◆ Instructions to follow
Retype every record exactly. Leave the pictures out.
***** Input material
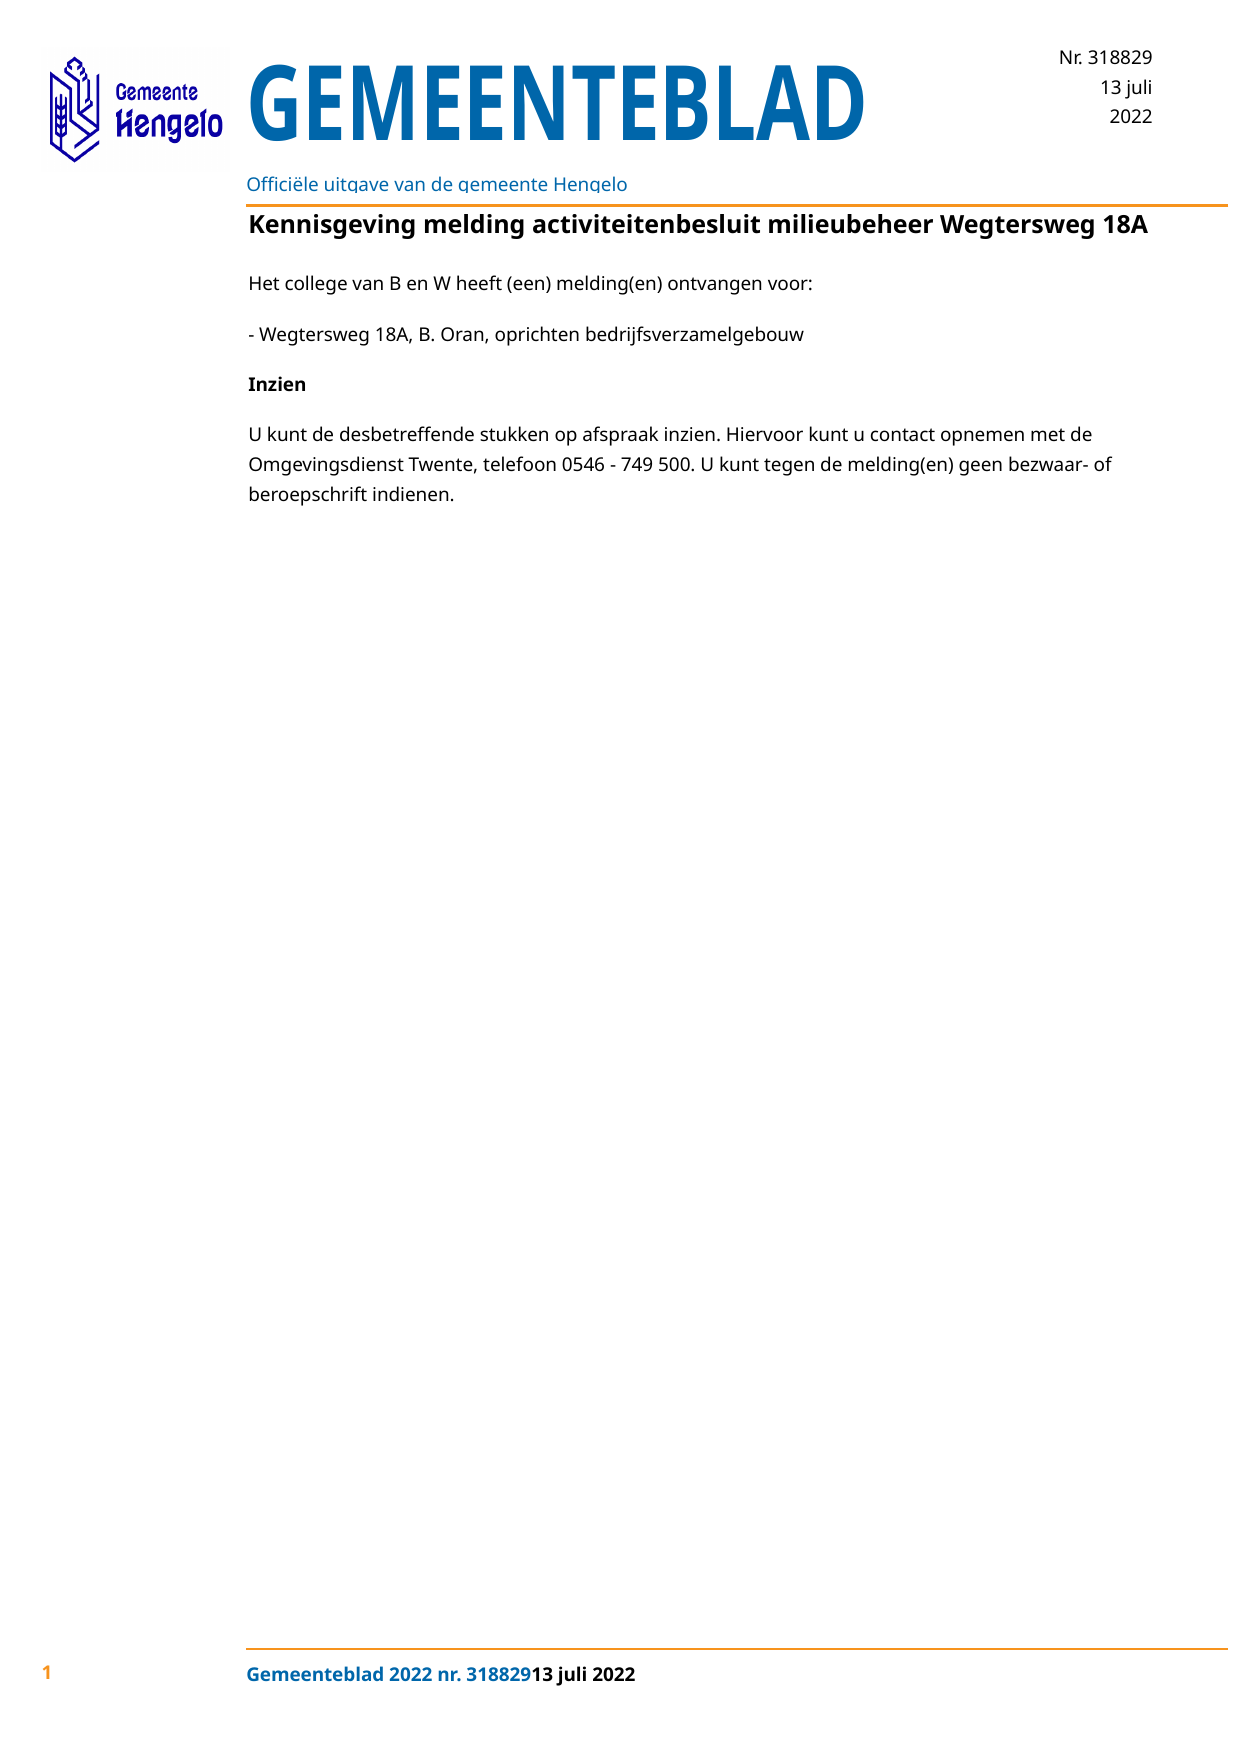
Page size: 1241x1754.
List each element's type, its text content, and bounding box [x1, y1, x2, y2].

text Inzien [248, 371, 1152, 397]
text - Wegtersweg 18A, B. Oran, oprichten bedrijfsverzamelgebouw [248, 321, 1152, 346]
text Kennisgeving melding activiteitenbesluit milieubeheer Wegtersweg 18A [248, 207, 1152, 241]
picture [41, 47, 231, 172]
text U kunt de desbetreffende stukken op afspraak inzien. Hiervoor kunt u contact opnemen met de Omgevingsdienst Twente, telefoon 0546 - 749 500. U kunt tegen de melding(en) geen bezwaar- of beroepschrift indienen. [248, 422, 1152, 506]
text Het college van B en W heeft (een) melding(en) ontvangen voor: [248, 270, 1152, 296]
**********
◆ Completed exercise
Page size: 1241x1754.
List each element's type, its text content, and bounding box [x1, y1, x2, y2].

text Inzien [248, 371, 1152, 397]
text - Wegtersweg 18A, B. Oran, oprichten bedrijfsverzamelgebouw [248, 321, 1152, 346]
text Kennisgeving melding activiteitenbesluit milieubeheer Wegtersweg 18A [248, 207, 1152, 241]
picture [41, 47, 231, 172]
text U kunt de desbetreffende stukken op afspraak inzien. Hiervoor kunt u contact opnemen met de Omgevingsdienst Twente, telefoon 0546 - 749 500. U kunt tegen de melding(en) geen bezwaar- of beroepschrift indienen. [248, 422, 1152, 506]
text Het college van B en W heeft (een) melding(en) ontvangen voor: [248, 270, 1152, 296]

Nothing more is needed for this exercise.